Source data: Begin
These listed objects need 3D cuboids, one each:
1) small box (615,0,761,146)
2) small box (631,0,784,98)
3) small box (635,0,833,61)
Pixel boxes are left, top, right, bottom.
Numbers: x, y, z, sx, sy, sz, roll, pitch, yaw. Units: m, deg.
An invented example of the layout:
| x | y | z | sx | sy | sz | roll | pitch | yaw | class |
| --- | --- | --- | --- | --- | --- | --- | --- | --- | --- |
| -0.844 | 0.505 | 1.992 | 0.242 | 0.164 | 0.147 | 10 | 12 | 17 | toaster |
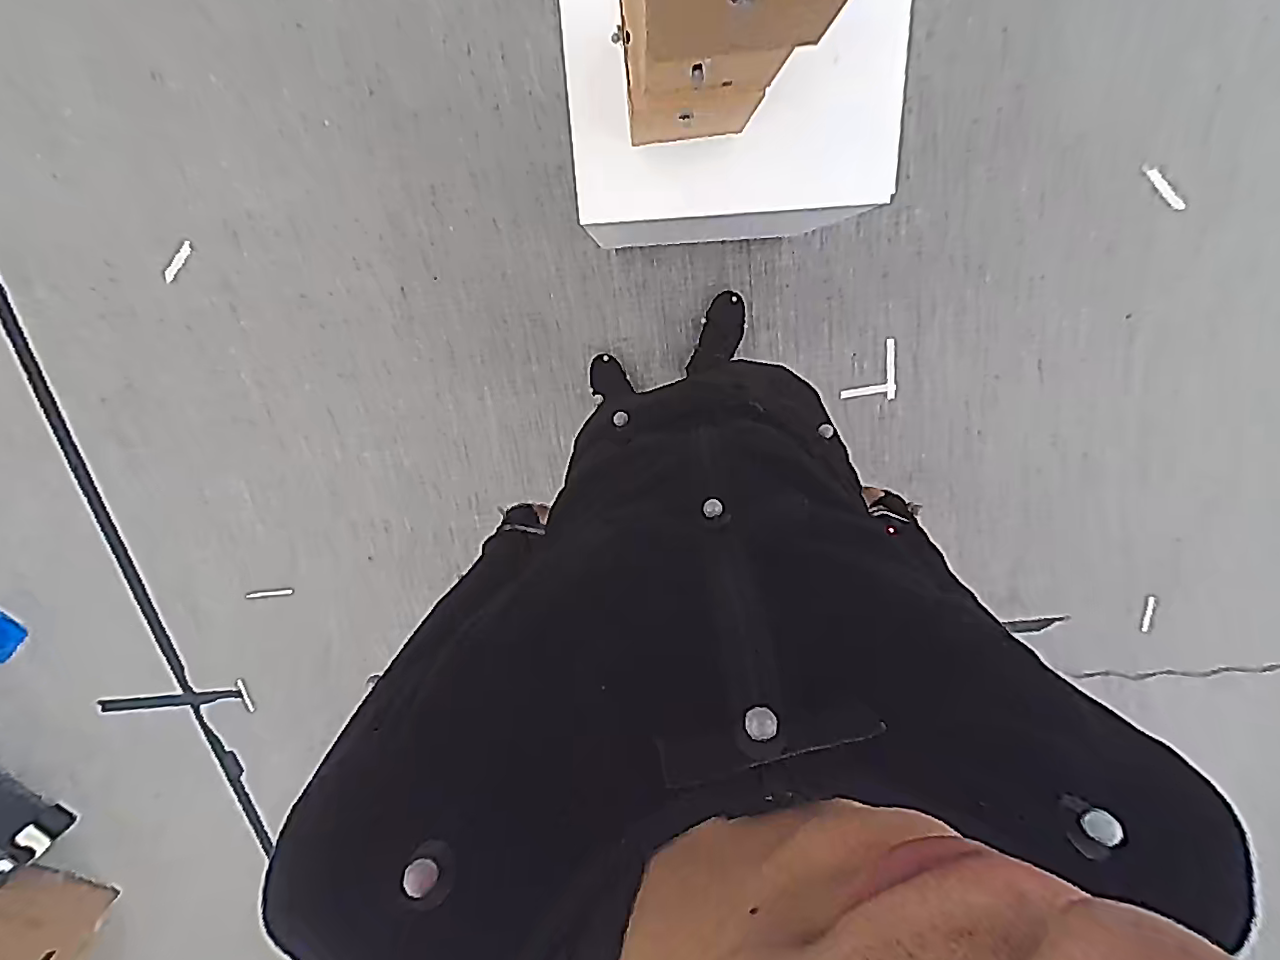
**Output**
| x | y | z | sx | sy | sz | roll | pitch | yaw | class |
| --- | --- | --- | --- | --- | --- | --- | --- | --- | --- |
| 0.061 | -0.582 | 0.748 | 0.179 | 0.176 | 0.168 | -7 | 109 | 1 | small box |
| 0.074 | -0.545 | 0.590 | 0.168 | 0.176 | 0.179 | -5 | 108 | 1 | small box |
| 0.079 | -0.475 | 0.440 | 0.179 | 0.176 | 0.168 | -6 | 109 | 1 | small box |
Source data: End
__Assigned task__. Without including any picture, retype the entries exactly.

__Response area__.
These listed objects need 3D cuboids, one each:
1) small box (615,0,761,146)
2) small box (631,0,784,98)
3) small box (635,0,833,61)
Pixel boxes are left, top, right, bottom.
Numbers: x, y, z, sx, sy, sz, roll, pitch, yaw. Units: m, deg.
An invented example of the layout:
| x | y | z | sx | sy | sz | roll | pitch | yaw | class |
| --- | --- | --- | --- | --- | --- | --- | --- | --- | --- |
| -0.844 | 0.505 | 1.992 | 0.242 | 0.164 | 0.147 | 10 | 12 | 17 | toaster |
**Output**
| x | y | z | sx | sy | sz | roll | pitch | yaw | class |
| --- | --- | --- | --- | --- | --- | --- | --- | --- | --- |
| 0.061 | -0.582 | 0.748 | 0.179 | 0.176 | 0.168 | -7 | 109 | 1 | small box |
| 0.074 | -0.545 | 0.590 | 0.168 | 0.176 | 0.179 | -5 | 108 | 1 | small box |
| 0.079 | -0.475 | 0.440 | 0.179 | 0.176 | 0.168 | -6 | 109 | 1 | small box |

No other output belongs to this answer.